Expert: Philip A. Stahl - 2/1/2009

Question
This is home work. The question is what is the speed of a spacecraft in circular orbit at an altitude of 500, 5000 50000 km. The first answer is 7610, the second is 5900, but I just quessed around and do not understand the math or which process I use with only the altitude . The second part of the question for each is how does the centripteal acceleration compare with the gravitational acceleration. I have none of these answers. I am looking for a direction not for you to do the work.

Answer
Hello,

When doing any sort of physics problem (or astrophysics!) the first priority is to write down all your data - AND ancillary-auxiliary data. (That is, the data not explicitly provided but which is assumed that you know in order to work the problem)

Let's see how this applies here, for the first part of your problem.

You want to find the velocity of the spacecraft (v) so:

v = ?

You want to find it at altitudes (h) of:

a) 500 km

b) 5000 km

c) 50,000 km

The auxiliary data needed are as follows:

G (gravitational constant) = 6.7 x 10^-11 N-m^2/ kg^2

Earth radius R_E = 6.4 x 10^ 6 m

Earth's mass M(E) =   6.0 x 10^24 kg

Now, for any problem involving centripetal force (F_c = mv^2/ r) and force of  gravitation (F_G) - which will apply to all cases of planets orbiting the Sun (e.g. to find speeds of such) OR satellite orbiting Earth, one will use the fact that the gravitational force equals the centripetal force of the orbiting object, whatever it is.

Thus:

F_c  =  F_G

or,

mv^2/ R   =  GMm/R^2

since the mass of the satellite or spacecraft (m) cancels both sides:

v^2/ R  =  GM/R^2

Now, this needs to be adjusted for the situation.
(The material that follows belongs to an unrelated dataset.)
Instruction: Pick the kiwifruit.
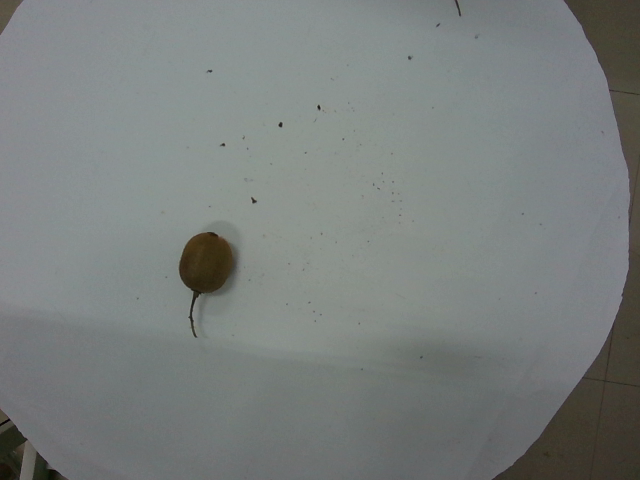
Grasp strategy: vertical

The velocity v, will be that for the spacecraft IF R is modified such that:

R =   R_E  + h   (radius of Earth + altitude)

In which case (taking case (a)):

R =  6400 km +   500 km = 6900 km =  6.9 x 10^6 m

Note you need to convert distances to meters in order to obtain v in m/s!

Similarly, for this to work, M in the above eqn. requires M = M(E) the mass of Earth

Then, using basic algebra (to solve for velocity v):

v  = SQRT [GM(E) / R]  =   (GM(E) /R)^1/2

This yields:

v = 7.88 x 10^3 = 7880 m/s

so you can see your first ans. is off.

As you can gather, the other answers (for altitudes 5000 km, 50,000 km) will be modified as you change the values for R in the workings. (Since h will be different each time, thus R = R_E + h will change)

Using this template as a basis you should be able to work out the other two answers and obtain the correct results, and also be able to apply this method to any other similar problems - including (say on a test) being asked to find the speed of the Jovian satellite Io around Jupiter given its distance!)